Lo cierto, ello no obstante, es que el conjunto de saberes, habilidades y actividades que integran el campo poliédrico del periodismo realmente existente se distingue por su tenor reflexivo, cultural y hasta intelectual: el comunicador, el periodista son —deberían ser, cuando menos— profesionales intelectuales que ejercen su cualificada tarea en la industria de la cultura. Sostenida por toda una tradición de autores de gran fuste crítico —como Max Weber, Antonio Gramsci, José Ortega y Gasset, Joan Fuster o Manuel Vázquez Montalbán, por citar solo algunos—, la concepción del periodista como trabajador intelectual debe movernos a replantear desde la raíz la falaz aunque extendida escisión entre práctica y teoría.

En vez de definir el periodismo como un oficio eminentemente práctico, caracterizado por el dominio de un repertorio de habilidades y competencias técnicas aptas para capturar la realidad social —y luego reflejarla objetivamente en ese nítido espejo que supuestamente son los medios de persuasión—, cabe concebirlo como una profesión intelectual cuya esencia interpretativa integra dialécticamente la cultura y la capacidad de discernimiento crítico, por un lado, y las habilidades expresivas y técnicas, por otro. No estoy diciendo, nótese bien, que el periodista ideal debería integrar ambas facetas, sino que todo periodista, siempre y por necesidad, ejerce una tarea que aúna reflexión y práctica, cultura y técnica, idea y ejecución. Al interpretar la realidad y representarla mediante enunciados narrativos y argumentativos de índole diversa, los periodistas recurren a una cierta teoría y cultura profesional, amén de a una visión del mundo hecha de ideas más o menos formadas y, sobre todo, de creencias de mero sentido común —que es el más común y el menos distinguido de los sentidos. Pensar, por ejemplo, que la realidad es algo externo y dado, y que el periodista se limita a reproducirla mediante el auxilio de habilidades prácticas y técnicas que hacen innecesaria y hasta enojosa su formación crítica y cultural, es, mal que nos pese, una difundida creencia profesional que revela premisas teóricas latentes, una especie de metafísica espontánea frecuentemente ignorada por el creyente —y profesada a pie juntillas por eso mismo.25

Aceptada esta premisa, procede vindicar la constitución de una disciplina científica dedicada a estudiar el campo polifacético del periodismo realmente existente, a la que parece pertinente denominar «Comunicación Periodística».26 A modo de esbozo de partida, tal disciplina deberá erigirse sobre las siguientes bases.
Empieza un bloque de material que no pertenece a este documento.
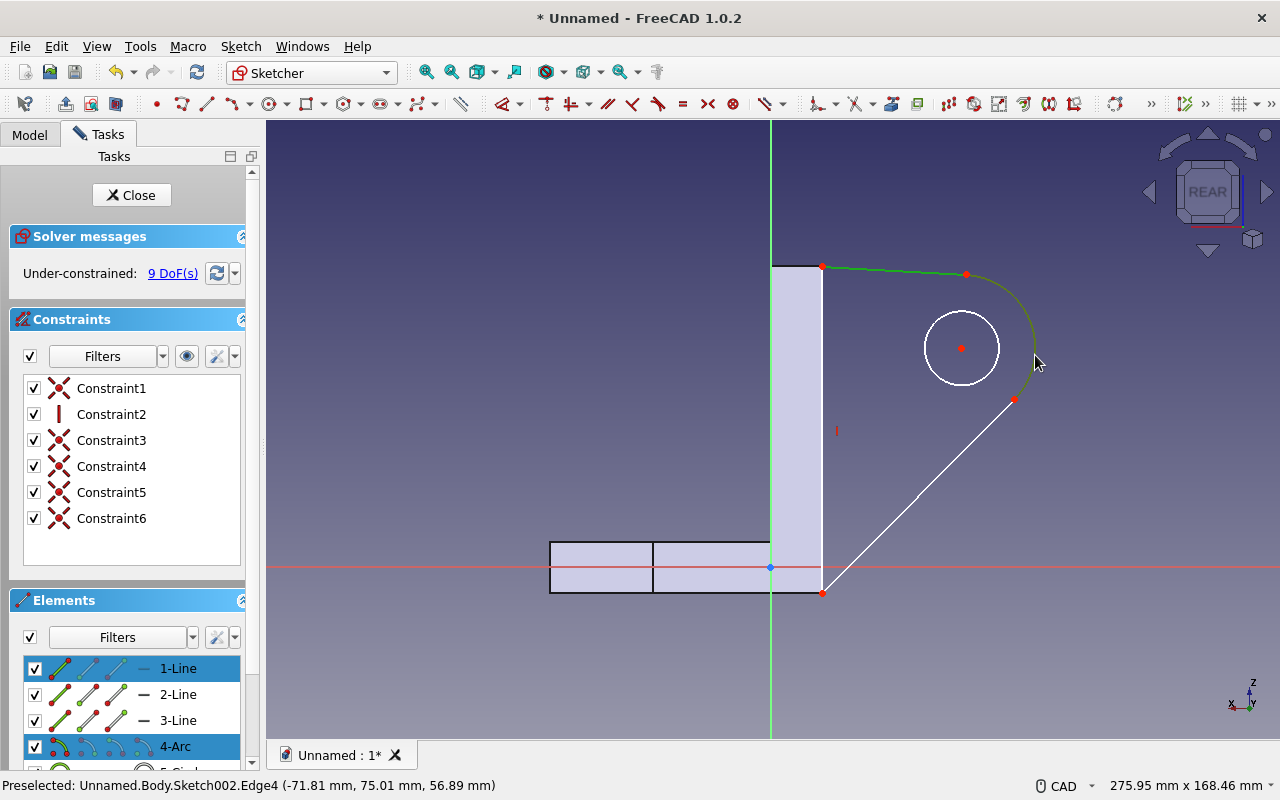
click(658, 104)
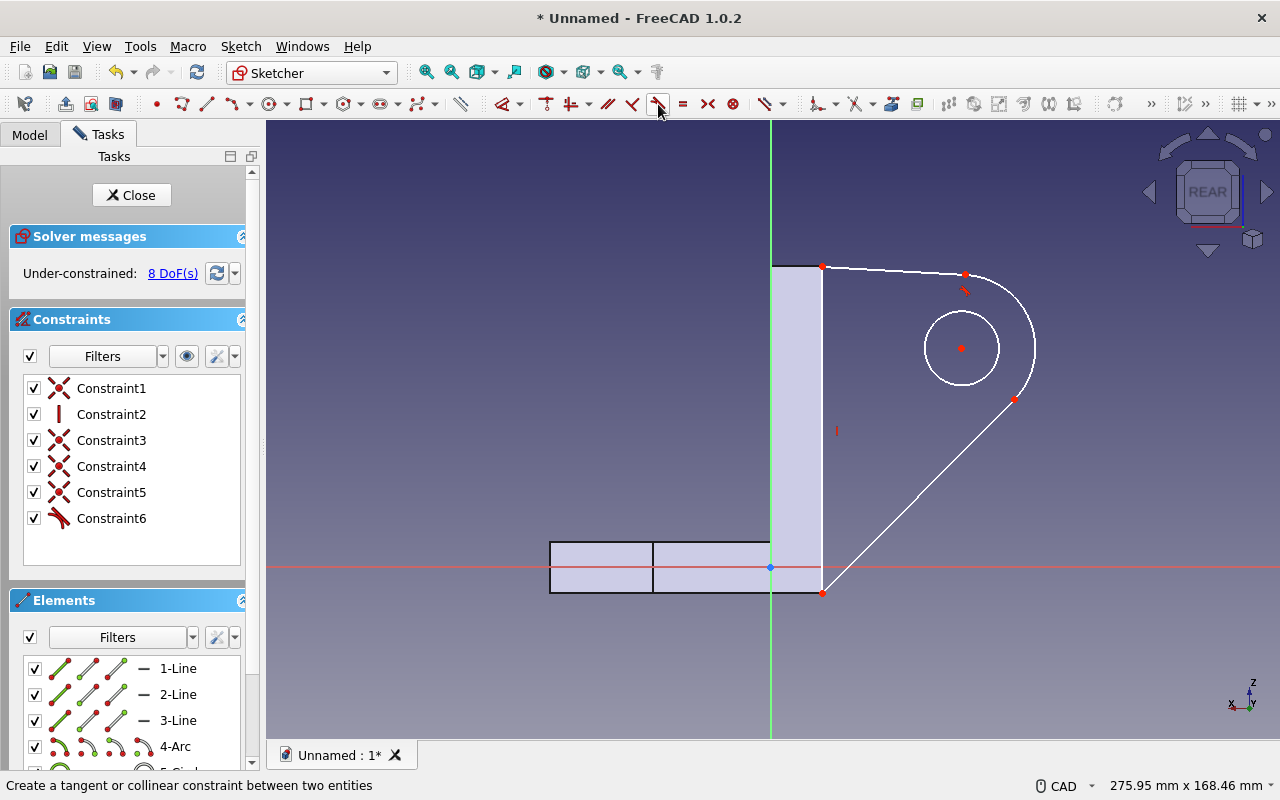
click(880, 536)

I. La enseñanza y la investigación universitarias de la comunicación periodística realmente existente aconsejan vivamente que la disciplina que denominamos Comunicación Periodística supere las obsoletas carencias y creencias sobre las que se asientan tanto la Redacción Periodística como la Periodística —que no es sino su versión maquillada. Ello supone el abandono de los envejecidos enfoques prescriptivos y preceptivos, en favor de una actitud nueva de carácter analítico y descriptivo, semejante a la que desde hace décadas prevalece en otros campos de conocimiento. En cuanto disciplina académica, la Comunicación Periodística debe buscar un conocimiento a la vez crítico, cultural y aplicado. Lejos de limitarse a emular los tópicos al uso sobre la naturaleza del periodismo, debería, dado su rango y responsabilidad universitarios, a) describir y analizar lo que efectivamente es, b) proponer lo que podría ser y c) postular lo que debería ser.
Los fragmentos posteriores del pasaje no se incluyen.